Antes da despedida do samba de 2026 e, obviamente, do anúncio da canção vencedora da final, todas as obras concorrentes se apresentaram. O primeiro foi o Samba 03, de autoria de Maurício Rocha Jr., Rodrigo Atração, Neuber André, Glauco do Cavaco, PH, Capuava ABC, Enzo Dhirie, Ygor Dla Sant e Michel Salim. A apresentação teve destaque para o final da primeira estrofe da canção, que optava por fazer versos que não tinham rimas, agradando a quem ouvia. Outro destaque era o refrão do meio, composto por dois versos que se repetiam; e que, por consequência, se repetiam quatro vezes em um curto espaço de tempo, facilitando o canto.
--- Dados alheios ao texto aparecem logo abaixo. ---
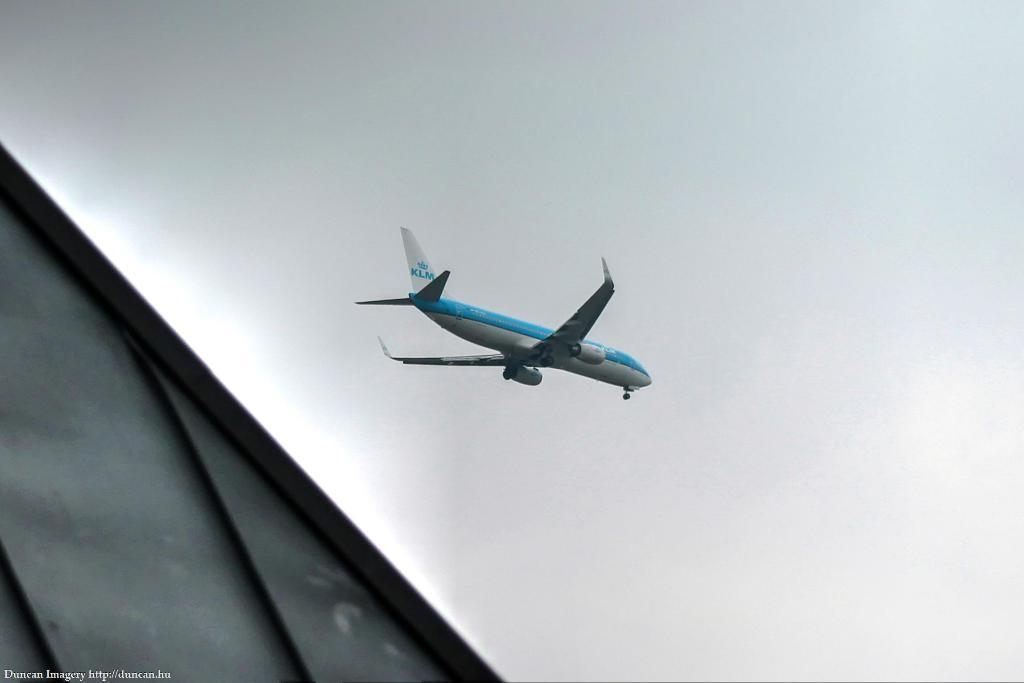What is the main subject of the image? The main subject of the image is an airplane. What is the airplane doing in the image? The airplane is flying in the sky. How would you describe the sky in the image? The sky is clear in the image. Can you see any scissors being used to cut the clouds in the image? There are no scissors or clouds present in the image, and therefore no such activity can be observed.

Logo depois veio o Samba 04, o campeão da eliminatória. Tal qual a canção anterior, a faixa não apresentava o nome da escola no refrão de cabeça, o que sempre chama atenção. O trecho sinalizado, por sinal, se encerrava com o verso “Abrindo caminhos pra ser campeão”, o que traz o desejo da agremiação e uma mensagem religiosa forte muito associada ao orixá Exu e que estará presente no enredo. A segunda estrofe do samba, muito melódica, também agradou com os versos “Será que o guardião levou embora?/Será que está no céu de Angola a brilhar?”, com rimas que se completam em outros trechos do excerto.

O Samba 02, composto por Victor Rangel, Alessandro Tiganá, Juninho, Herval Neto, Leandro Neguinho, Matheusinho, Daniel Paixão, Jonathan Tenório, Renne Barbosa, Neném do Banjo, Duh Romão, Thiago da Mágia e Gigi da Estiva, apostou em um refrão principal bastante popular e de fácil canto. Ao contrário dos adversários, a canção tinha assimilação mais rápida e com poucas palavras em iorubá. O destaque era o refrão do meio, com versos mais longos e de melodia bastante valente.

Por fim, o Samba 01, escrito por Gleison Santana, Fernando Ripol, Alessandro Lopes e Victor Chagas, chamou atenção logo que a ala musical subiu ao palco, com rostos novos para quem não vai à Unidos de São Lucas com frequência, e que enchiam de esperança sobre a chance de renovação no microfone. Outra aposta foi na primeira estrofe mais extensa e bastante descritiva, com diversas palavras em iorubá, contrastando com a segunda enxuta e com versos mais longos, sem tantos espaços de respiro para os intérpretes.